We started to use Meteor this week and are very eager to use it for as much projects as we can in the future.
Though we hit a rock this afternoon, in our ecosystem, we need to be able to process and insert data inside mongodb from outside node / meteor.
Our two main solution to do that are over MapReduce in an Hbase cluster and python scripts parsing CSV files and inserting results in MongoDB.
Right now, the only way I can use data from MongoDB inside my Meteor application is when the data was added trough Meteor (console or form).
Let's take a quick example, I want to be able to access a post through an _id. Iron Router is working fine with that and provide helpers to build the URL. With the same helpers, I could find two different results from three different usages.
The ObjectId seems to be wrong and these are the three cases I encountered earlier :
http://0.0.0.0:3000/post/PAXEqRBB7RiNrdTTT => Inserted by Meteor, works fine
http://0.0.0.0:3000/post/ObjectId(526fe0701d41c894b9105bff) => Inserted by python, broken
http://0.0.0.0:3000/post/ObjectId(526fe0701d41c894b8715bff) => Inserted with meteor mongo shell
So I can't access anything inserted inside MongoDB by something else than meteor.
I found some related issues on Github, the main one being this one :
https://github.com/meteor/meteor/issues/61
But it was closed 8 month ago because the fix was in the roadmap.

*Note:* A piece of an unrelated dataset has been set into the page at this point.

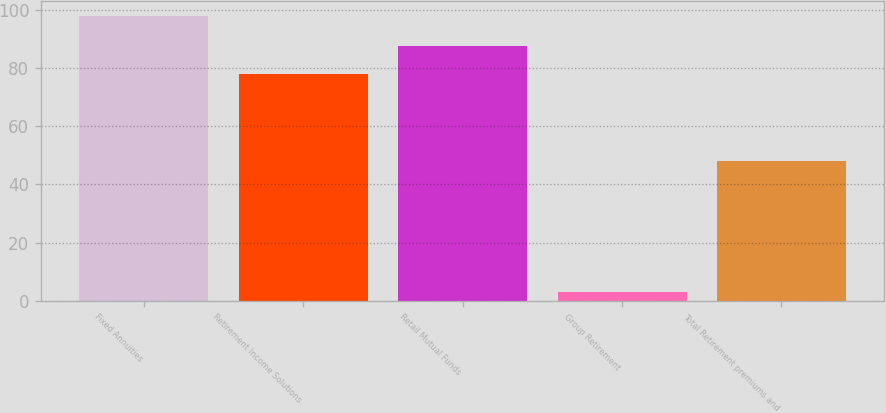<chart> <loc_0><loc_0><loc_500><loc_500><bar_chart><fcel>Fixed Annuities<fcel>Retirement Income Solutions<fcel>Retail Mutual Funds<fcel>Group Retirement<fcel>Total Retirement premiums and<nl><fcel>98<fcel>78<fcel>87.5<fcel>3<fcel>48<nl></chart>

I am using the last version of meteor ( 0.6.6.2 ) and this does not seems to be fixed yet.
My question is what kind of workaround can I find ? I can't call JS methods like Meteor ObjectID generation inside Python so what would be the best solution ?
Should I use a Node DDP app to handle all my external inserts to MongoDB ?
If you are looking to interact with the database directly, I wouldn't advocate the approach you are taking, which seems to be basically to build an API for interacting with the database through some connect middleware.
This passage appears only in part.